▸ Problem:
Retrieve every line of the data holding the word "drawing".
-- Data for processing follows --
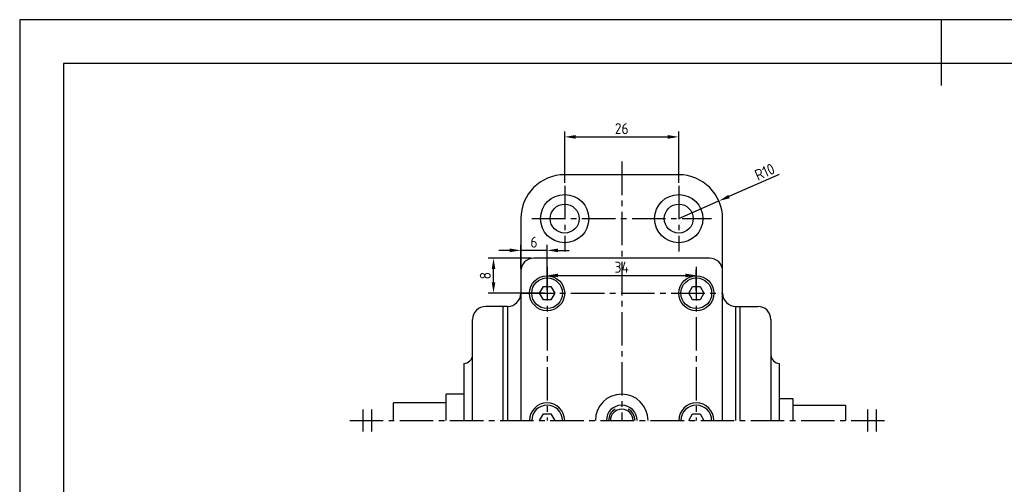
# Model space of a CAD drawing. Header units: millimetres. Extents: x 0 to 420, y 0 to 297.
# Tile 5 of 6: x 0 to 224, y 191 to 297. Entities that reach past the tile are written whole.
import ezdxf

# ---------------------------------------------------------------- set-up
doc = ezdxf.new("R2010")
doc.units = ezdxf.units.MM
doc.header["$LTSCALE"] = 0.4
doc.linetypes.add('CENTER2', pattern=[28.575, 19.05, -3.175, 3.175, -3.175])
for name, color, linetype in [('가는선', 1, 'Continuous'), ('외형선', 3, 'Continuous'), ('윤곽선', 5, 'Continuous'), ('중심선', 1, 'CENTER2')]:
    doc.layers.add(name, color=color, linetype=linetype)
doc.styles.get("Standard").update_dxf_attribs({"font": 'isocp.shx', "bigfont": 'whgtxt.shx'})
doc.dimstyles.new('ISO-25', dxfattribs={"dimtxt": 2.5, "dimasz": 2.5, "dimexe": 1.25, "dimexo": 0.625, "dimtad": 1, "dimdec": 4, "dimtxsty": 'Standard', "dimcen": 2.5, "dimadec": 4, "dimazin": 2, "dimtfac": 1, "dimtdec": 4, "dimtmove": 0, "dimatfit": 3, "dimfxl": 1, "dimarcsym": 0})

# ---------------------------------------------------------------- blocks, each defined once
blk = doc.blocks.new('*U2')
at = {"layer": 'Defpoints'}
blk.add_lwpolyline([(0, 0), (420, 0), (420, 297), (0, 297)], close=True, dxfattribs=at)
at = {"layer": '가는선', "color": 2}
for p, q in [((78.21, 208.16), (78.21, 203.16)), ((80.21, 208.16), (80.21, 203.16)), ((193.21, 208.16), (193.21, 203.16)), ((195.21, 208.16), (195.21, 203.16))]:
    blk.add_line(p, q, dxfattribs=at)
at = {"layer": '가는선'}
for start, end in [(119.7768, 180), (0, 60.0909)]:
    blk.add_arc((137.21, 205.66), 3, start, end, dxfattribs=at)
at = {"layer": '외형선'}
for p, q in [((210, 297), (210, 282)), ((150.21, 261.66), (124.21, 261.66)), ((114.21, 251.66), (114.21, 205.66)), ((160.21, 205.66), (160.21, 251.66)), ((157.21, 242.66), (117.21, 242.66)), ((118.48, 234.66), (119.35, 236.16)), ((119.35, 236.16), (121.08, 236.16)), ((121.08, 236.16), (121.94, 234.66)), ((152.48, 234.66), (153.35, 236.16)), ((153.35, 236.16), (155.08, 236.16)), ((155.08, 236.16), (155.94, 234.66)), ((119.35, 233.16), (118.48, 234.66)), ((121.94, 234.66), (121.08, 233.16)), ((153.35, 233.16), (152.48, 234.66)), ((155.94, 234.66), (155.08, 233.16)), ((111.21, 231.66), (106.21, 231.66)), ((110.21, 205.66), (110.21, 231.66)), ((111.21, 231.66), (111.21, 205.66)), ((121.08, 233.16), (119.35, 233.16)), ((155.08, 233.16), (153.35, 233.16)), ((163.21, 205.66), (163.21, 231.66)), ((163.21, 231.66), (168.21, 231.66)), ((164.21, 205.66), (164.21, 231.66)), ((103.21, 205.66), (103.21, 228.66)), ((171.21, 228.66), (171.21, 205.66)), ((101.21, 218.66), (101.21, 205.66)), ((173.21, 205.66), (173.21, 218.66)), ((97.21, 205.66), (97.21, 211.66)), ((101.21, 211.66), (97.21, 211.66)), ((85.21, 205.66), (85.21, 209.66)), ((97.21, 209.66), (85.21, 209.66)), ((173.21, 210.66), (176.21, 210.66)), ((176.21, 210.66), (176.21, 205.66)), ((176.21, 209.16), (188.21, 209.16)), ((188.21, 209.16), (188.21, 205.66)), ((118.48, 205.66), (119.35, 207.16)), ((119.35, 207.16), (121.08, 207.16)), ((121.08, 207.16), (121.94, 205.66)), ((152.48, 205.66), (153.35, 207.16)), ((153.35, 207.16), (155.08, 207.16)), ((155.08, 207.16), (155.94, 205.66))]:
    blk.add_line(p, q, dxfattribs=at)
for centre, radius in [((124.21, 251.66), 5.5), ((150.21, 251.66), 5.5), ((124.21, 251.66), 3.3), ((150.21, 251.66), 3.3), ((120.21, 234.66), 4), ((120.21, 234.66), 3.5), ((154.21, 234.66), 4), ((154.21, 234.66), 3.5)]:
    blk.add_circle(centre, radius, dxfattribs=at)
for centre, radius, start, end in [((124.21, 251.66), 10, 90, 180), ((150.21, 251.66), 10, 0, 90), ((117.21, 239.66), 3, 90, 180), ((157.21, 239.66), 3, 0, 90), ((111.21, 234.66), 3, 270, 0), ((163.21, 234.66), 3, 180, 270), ((106.21, 228.66), 3, 90, 180), ((168.21, 228.66), 3, 0, 90), ((101.21, 220.66), 2, 270, 0), ((173.21, 220.66), 2, 180, 270), ((137.21, 205.66), 6, 0, 180), ((120.21, 205.66), 4, 360, 180), ((120.21, 205.66), 3.5, 0, 180), ((137.21, 205.66), 3.5, 0, 180), ((154.21, 205.66), 4, 360, 180), ((154.21, 205.66), 3.5, 0, 180), ((137.21, 205.66), 2.59, 0, 180)]:
    blk.add_arc(centre, radius, start, end, dxfattribs=at)
at = {"layer": '윤곽선'}
blk.add_lwpolyline([(10, 10), (410, 10), (410, 287), (10, 287)], close=True, dxfattribs=at)
at = {"layer": '중심선'}
for p, q in [((137.21, 264.66), (137.21, 205.66)), ((124.21, 259.16), (124.21, 244.16)), ((150.21, 259.16), (150.21, 244.16)), ((116.71, 251.66), (157.71, 251.66)), ((120.21, 240.66), (120.21, 205.66)), ((154.21, 240.66), (154.21, 205.66)), ((114.21, 234.66), (160.21, 234.66)), ((75.21, 205.66), (198.21, 205.66))]:
    blk.add_line(p, q, dxfattribs=at)
blk = doc.blocks.new('*D49')
at = {"color": 0, "lineweight": -2, "transparency": 16777216}
for p, q in [((173.07, 261.71), (161.66, 256.69)), ((150.21, 251.66), (159.37, 255.69))]:
    blk.add_line(p, q, dxfattribs=at)
at = {"color": 0, "transparency": 16777216}
blk.add_solid([(161.49, 257.07), (161.82, 256.31), (159.37, 255.69)], dxfattribs=at)
at = {"layer": 'Defpoints', "color": 0, "transparency": 16777216}
for p in [(159.37, 255.69), (150.21, 251.66)]:
    blk.add_point(p, dxfattribs=at)
at = {"color": 0, "transparency": 16777216, "insert": (169.8, 262.32), "char_height": 2.5, "attachment_point": 5, "rotation": 23.7238}
blk.add_mtext('R10', dxfattribs=at)
blk = doc.blocks.new('_DotSmall')
at = {"color": 0, "linetype": 'ByBlock', "const_width": 0.5}
blk.add_lwpolyline([(-0.0625, 0, 1), (0.0625, 0, 1)], format="xyb", close=True, dxfattribs=at)
blk = doc.blocks.new('*D50')
at = {"color": 0, "lineweight": -2, "transparency": 16777216}
for p, q in [((124.21, 259.79), (124.21, 271.54)), ((150.21, 259.79), (150.21, 271.54)), ((126.71, 270.29), (147.71, 270.29))]:
    blk.add_line(p, q, dxfattribs=at)
at = {"color": 0, "transparency": 16777216}
for points in [[(126.71, 270.71), (126.71, 269.87), (124.21, 270.29)], [(147.71, 270.71), (147.71, 269.87), (150.21, 270.29)]]:
    blk.add_solid(points, dxfattribs=at)
at = {"layer": 'Defpoints', "color": 0, "transparency": 16777216}
for p in [(150.21, 270.29), (124.21, 259.16), (150.21, 259.16)]:
    blk.add_point(p, dxfattribs=at)
at = {"color": 0, "transparency": 16777216, "insert": (137.21, 272.17), "char_height": 2.5, "attachment_point": 5}
blk.add_mtext('26', dxfattribs=at)
blk = doc.blocks.new('*D62')
at = {"color": 0, "lineweight": -2, "transparency": 16777216}
for p, q in [((116.59, 242.66), (106.74, 242.66)), ((107.99, 237.16), (107.99, 240.16)), ((119.59, 234.66), (106.74, 234.66))]:
    blk.add_line(p, q, dxfattribs=at)
at = {"color": 0, "transparency": 16777216}
for points in [[(107.58, 240.16), (108.41, 240.16), (107.99, 242.66)], [(107.58, 237.16), (108.41, 237.16), (107.99, 234.66)]]:
    blk.add_solid(points, dxfattribs=at)
at = {"layer": 'Defpoints', "color": 0, "transparency": 16777216}
for p in [(107.99, 242.66), (117.21, 242.66), (120.21, 234.66)]:
    blk.add_point(p, dxfattribs=at)
at = {"color": 0, "transparency": 16777216, "insert": (106.12, 238.66), "char_height": 2.5, "attachment_point": 5, "rotation": 90}
blk.add_mtext('8', dxfattribs=at)
blk = doc.blocks.new('*D63')
at = {"color": 0, "lineweight": -2, "transparency": 16777216}
for p, q in [((114.21, 240.29), (114.21, 245.68)), ((120.21, 235.29), (120.21, 245.68)), ((111.71, 244.43), (109.21, 244.43)), ((120.21, 244.43), (114.21, 244.43)), ((122.71, 244.43), (125.21, 244.43))]:
    blk.add_line(p, q, dxfattribs=at)
at = {"color": 0, "transparency": 16777216}
for points in [[(111.71, 244.85), (111.71, 244.01), (114.21, 244.43)], [(122.71, 244.85), (122.71, 244.01), (120.21, 244.43)]]:
    blk.add_solid(points, dxfattribs=at)
at = {"layer": 'Defpoints', "color": 0, "transparency": 16777216}
for p in [(114.21, 244.43), (114.21, 239.66), (120.21, 234.66)]:
    blk.add_point(p, dxfattribs=at)
at = {"color": 0, "transparency": 16777216, "insert": (117.21, 246.31), "char_height": 2.5, "attachment_point": 5}
blk.add_mtext('6', dxfattribs=at)
blk = doc.blocks.new('*D64')
at = {"color": 0, "lineweight": -2, "transparency": 16777216}
for p, q in [((120.21, 235.29), (120.21, 239.96)), ((122.71, 238.71), (151.71, 238.71)), ((154.21, 235.29), (154.21, 239.96))]:
    blk.add_line(p, q, dxfattribs=at)
at = {"color": 0, "transparency": 16777216}
for points in [[(122.71, 239.13), (122.71, 238.3), (120.21, 238.71)], [(151.71, 239.13), (151.71, 238.3), (154.21, 238.71)]]:
    blk.add_solid(points, dxfattribs=at)
at = {"layer": 'Defpoints', "color": 0, "transparency": 16777216}
for p in [(154.21, 238.71), (120.21, 234.66), (154.21, 234.66)]:
    blk.add_point(p, dxfattribs=at)
at = {"color": 0, "transparency": 16777216, "insert": (137.21, 240.59), "char_height": 2.5, "attachment_point": 5}
blk.add_mtext('34', dxfattribs=at)

msp = doc.modelspace()

# ---------------------------------------------------------------- block references
msp.add_blockref('*U2', (0, 0))

# ---------------------------------------------------------------- dimensions: what is measured, and where the dimension line sits
for base, p1, p2, picture, middle in [((150.21279, 270.29019), (124.21279, 259.16202), (150.21279, 259.16202), '*D50', (137.21279, 272.16544)), ((114.21279, 244.43109), (120.21279, 234.66202), (114.21279, 239.66202), '*D63', (117.21279, 246.30609)), ((154.21279, 238.71325), (120.21279, 234.66202), (154.21279, 234.66202), '*D64', (137.21279, 240.58825))]:
    dim = msp.add_linear_dim(base=base, p1=p1, p2=p2, dimstyle='ISO-25', override={"dimldrblk": 'DotSmall'})
    dim.commit()
    dim.dimension.update_dxf_attribs({"geometry": picture, "text_midpoint": middle})
dim = msp.add_radius_dim(center=(150.21279, 251.66202), mpoint=(159.36775, 255.6853), dimstyle='ISO-25', override={"dimldrblk": 'DotSmall'})
dim.commit()
dim.dimension.update_dxf_attribs({"geometry": '*D49', "text_midpoint": (170.55038, 260.59966), "dimtype": 164})
dim = msp.add_linear_dim(base=(107.99311, 242.66202), p1=(120.21279, 234.66202), p2=(117.21279, 242.66202), angle=90, dimstyle='ISO-25', override={"dimldrblk": 'DotSmall'})
dim.commit()
dim.dimension.update_dxf_attribs({"geometry": '*D62', "text_midpoint": (106.11811, 238.66202)})

doc.saveas('drawing.dxf')
-- Data for processing concluded --
▸ Task answer:
# Model space of a CAD drawing. Header units: millimetres. Extents: x 0 to 420, y 0 to 297.
doc.saveas('drawing.dxf')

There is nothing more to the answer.